[SUPPLIED MATERIAL]
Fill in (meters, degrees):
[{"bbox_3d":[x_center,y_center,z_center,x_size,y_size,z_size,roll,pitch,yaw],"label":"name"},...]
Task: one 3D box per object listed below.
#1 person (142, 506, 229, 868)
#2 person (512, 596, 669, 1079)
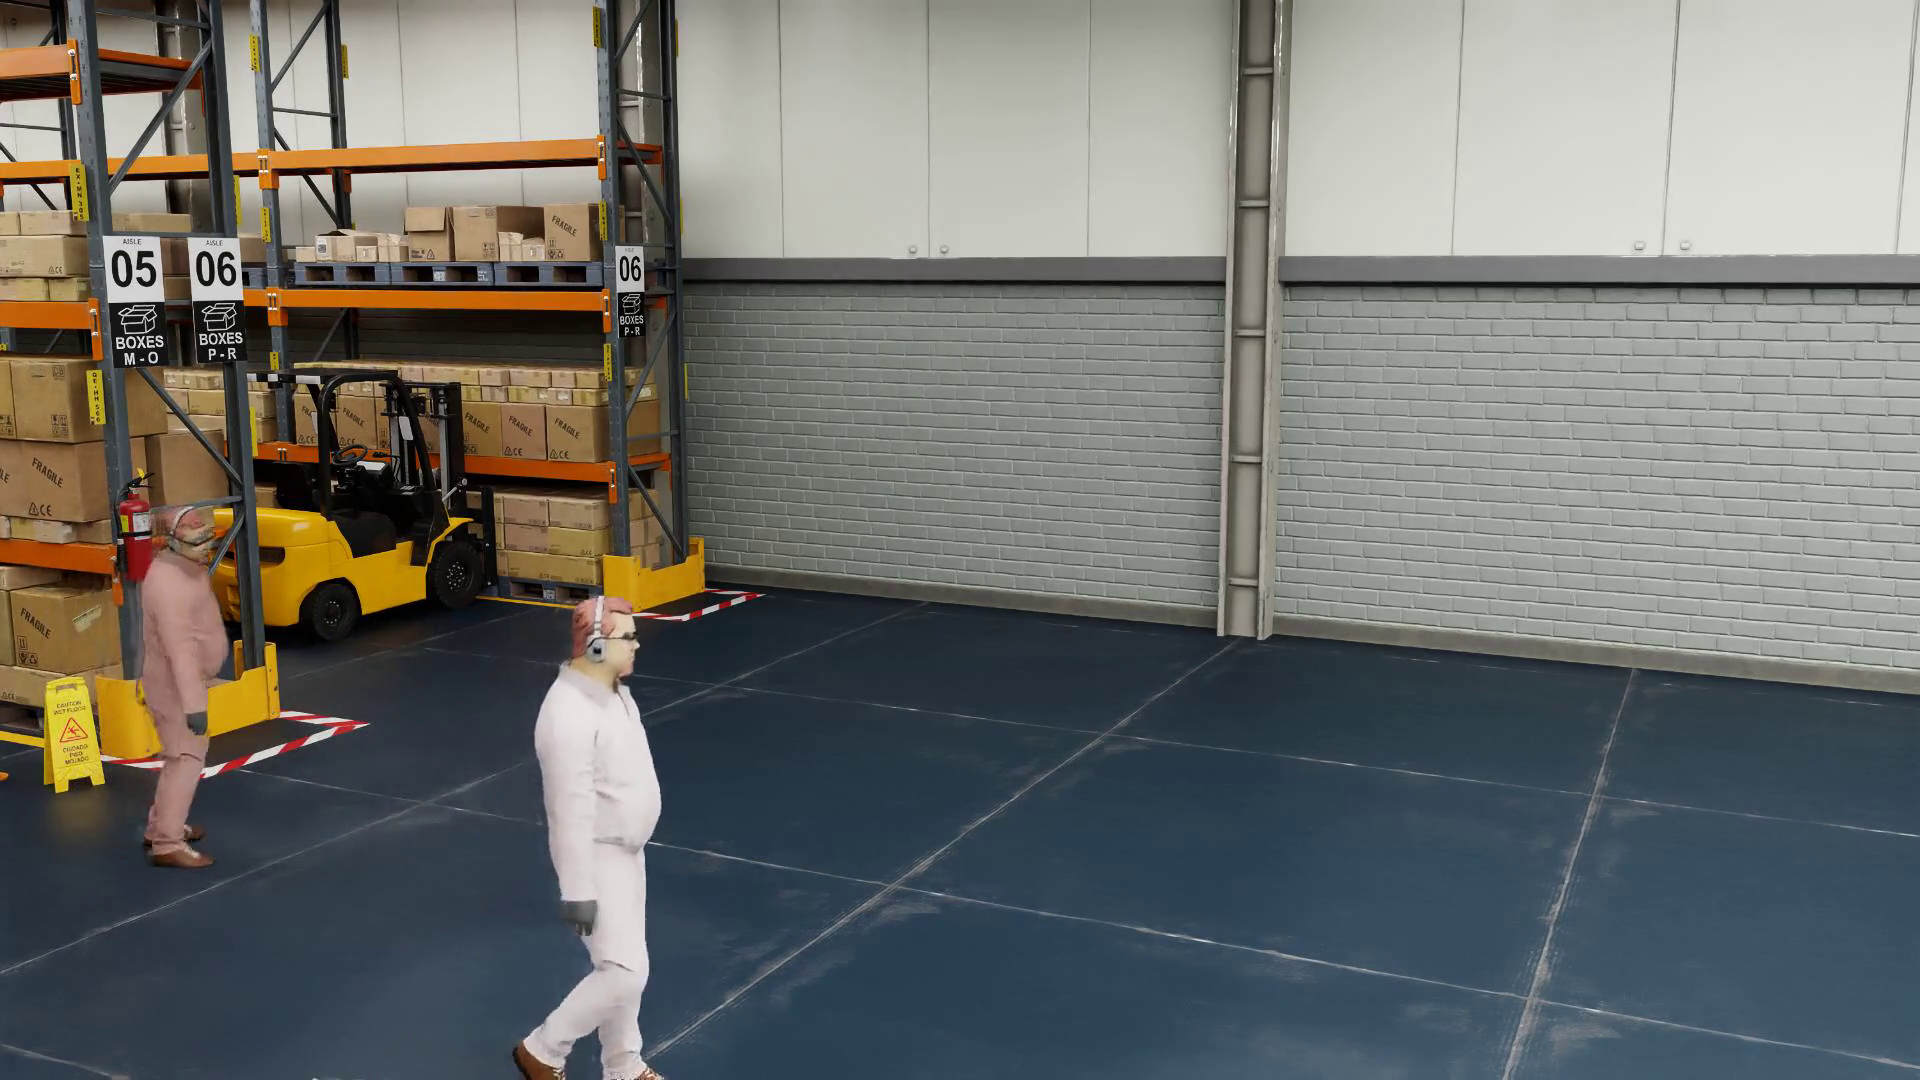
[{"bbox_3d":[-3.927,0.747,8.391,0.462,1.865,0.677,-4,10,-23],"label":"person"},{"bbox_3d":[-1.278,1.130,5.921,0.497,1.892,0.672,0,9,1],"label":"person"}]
[/SUPPLIED MATERIAL]
▶ **TASK DIRECTIONS**
Each line from the one containing "Task: one 3D box per object listed below." through the final line of the data must be reproduced exactly, both ends included, with no pictures in the copy.

▶ **EXERCISE RESULT**
Task: one 3D box per object listed below.
#1 person (142, 506, 229, 868)
#2 person (512, 596, 669, 1079)
[{"bbox_3d":[-3.927,0.747,8.391,0.462,1.865,0.677,-4,10,-23],"label":"person"},{"bbox_3d":[-1.278,1.130,5.921,0.497,1.892,0.672,0,9,1],"label":"person"}]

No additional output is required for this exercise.